An Agricultural Action Plan
Given these constraints, the primary objective of the IEHA is to increase agricultural growth and rural incomes in sub-Saharan Africa rapidly and sustainably . To grow out of poverty, smallholder farmers and agricultural firms need to generate profits and income from their products and services. Elements of the IEHA action plan to tackle the problem of hunger in Africa include:

  • Create momentum on a multi-country level to induce and encourage agricultural growth;
  • Support the efforts of countries and leaders committed to agricultural growth as a critical development pathway;
  • Identify and target options and opportunities to accelerate smallholder-based agricultural growth, leading to more efficient and profitable use of resources;
  • Forge effective linkages with other sectors and initiatives--including education, health, macroeconomic reform and infrastructure improvement--to achieve common economic and social development objectives; and
  • Build alliances and a broad-based political and financial commitment among public and private development partners—both in Africa and internationally—to cut hunger in half by 2015.

Partners
The initiative calls for an extensive partnership that includes African leaders, African governments, regional organizations, multilateral development institutions, the private sector, universities, and other non-governmental organizations to work and invest in support of a smallholder-oriented, agricultural growth strategy.

A Framework to Guide USAID Agricultural Growth Investments in Africa
Evidence from Africa and throughout the world demonstrates that few regions can emerge from poverty without sustainable agricultural growth. Innovations that increase agricultural productivity and more competitive markets are essential ingredients of smallholder agricultural growth. Both offer numerous opportunities for high-impact USAID investments.

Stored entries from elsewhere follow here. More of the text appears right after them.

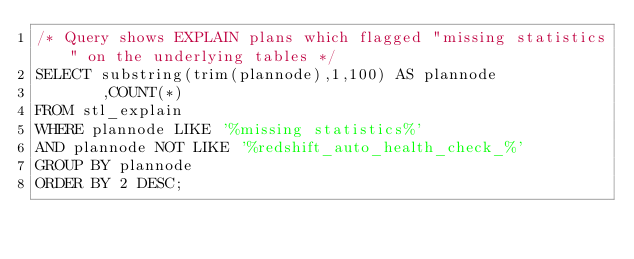Convert code to text. <code><loc_0><loc_0><loc_500><loc_500><_SQL_>/* Query shows EXPLAIN plans which flagged "missing statistics" on the underlying tables */
SELECT substring(trim(plannode),1,100) AS plannode
       ,COUNT(*)
FROM stl_explain
WHERE plannode LIKE '%missing statistics%'
AND plannode NOT LIKE '%redshift_auto_health_check_%'
GROUP BY plannode
ORDER BY 2 DESC;
</code> 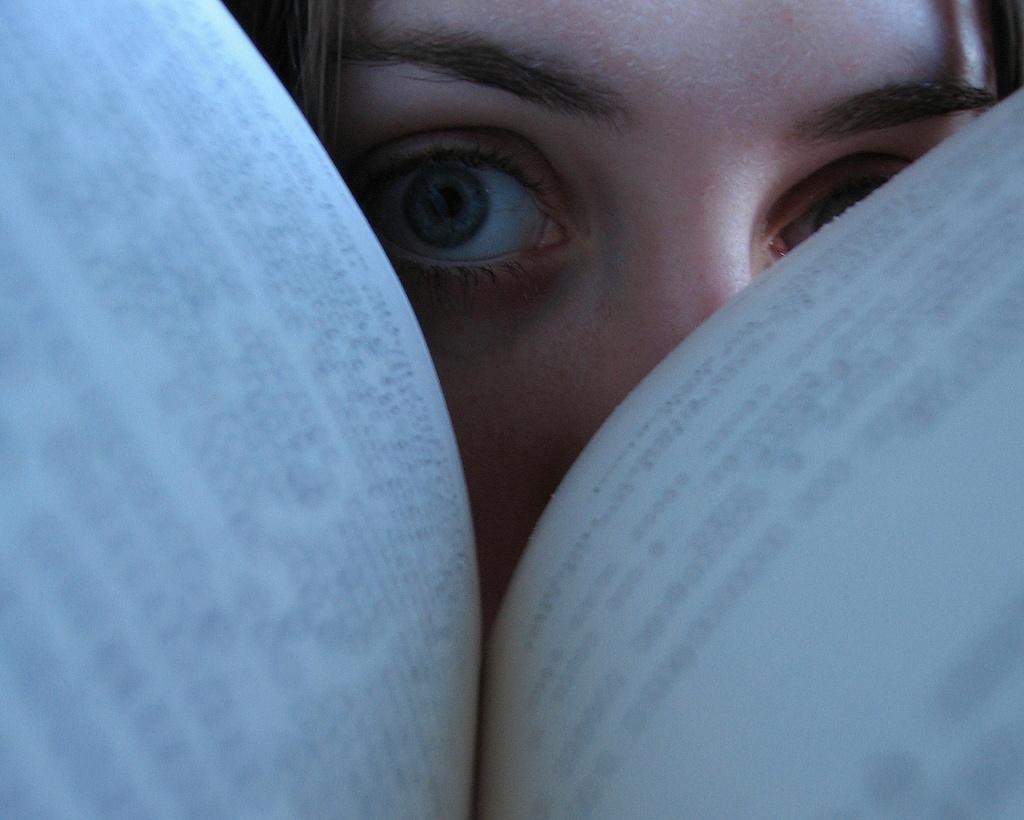Describe this image in one or two sentences. In this image I can see eyes of a woman. Here I can see two pages and on it I can see something is written. 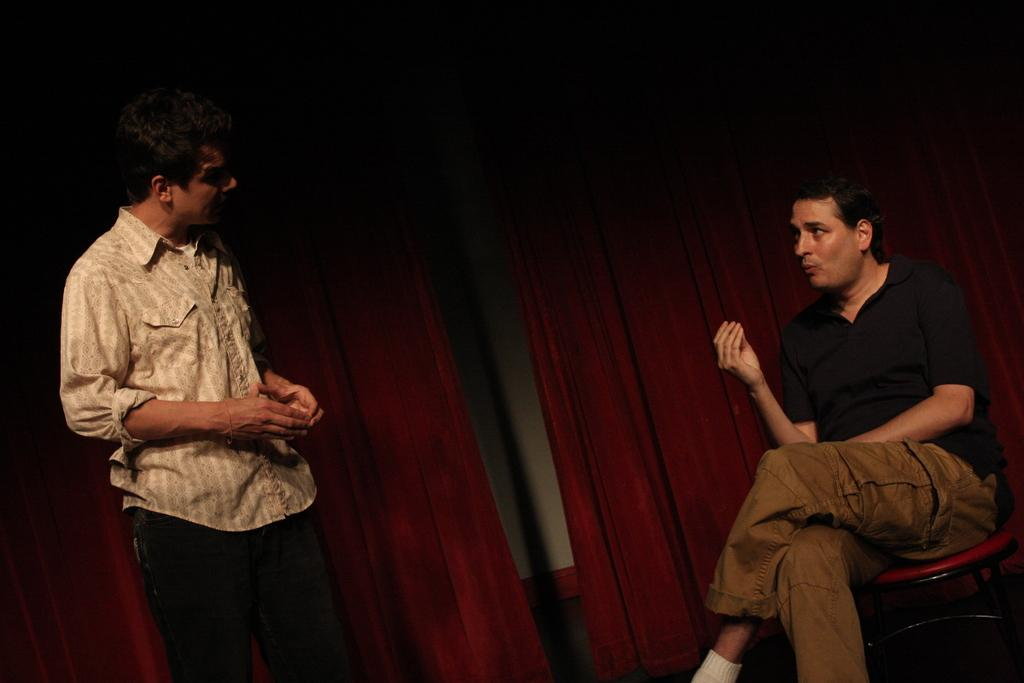What is the primary action of the person in the image? The person in the image is sitting in a chair. Who is the person in the image interacting with? The person is speaking to another person in front of them. What can be seen in the background behind the two people? There are curtains visible behind the two people. What type of grass is growing on the father's head in the image? There is no father or grass present in the image.

Country and regional action plans for IEHA are structured around six themes for maximum impact:

  • Scientific and technological applications that harness the power of new technology (e.g., information technology and biotechnology) in order to raise the productivity of food and export products and increase the stability and volume of supplies.
  • Agricultural trade and market systems that add value to products and processes, deliver high-quality safe products, reduce costs for consumers, and create a climate and infrastructure that attract private and foreign investment to African agricultural businesses.
  • Community and producer-based organizations that contribute to agricultural growth by providing a wide variety of business, training, and leadership development services and by giving a political voice to the economic interests of farmers who are normally too poor and too scattered to be heard.
  • Development of human capital and institutions that shape and lead agricultural policy and research, as well as provide agricultural education. Infrastructure development in transportation, energy, water/sanitation, and telecommunications is also increasingly urgent.
  • Integration of vulnerable groups and countries in transition into sustainable development processes that: (1) help the chronically poor and hungry in rural Africa find viable paths out of poverty by accumulating assets; (2) reduce the vulnerability of poor people to weather-, market-, and conflict-induced shocks; and (3) enhance the capacity of countries to manage shocks that have regional and national impacts.
  • Environmental management that contributes to agricultural and rural sector growth through conservation and production of environmental goods and services that generate public and private economic benefits.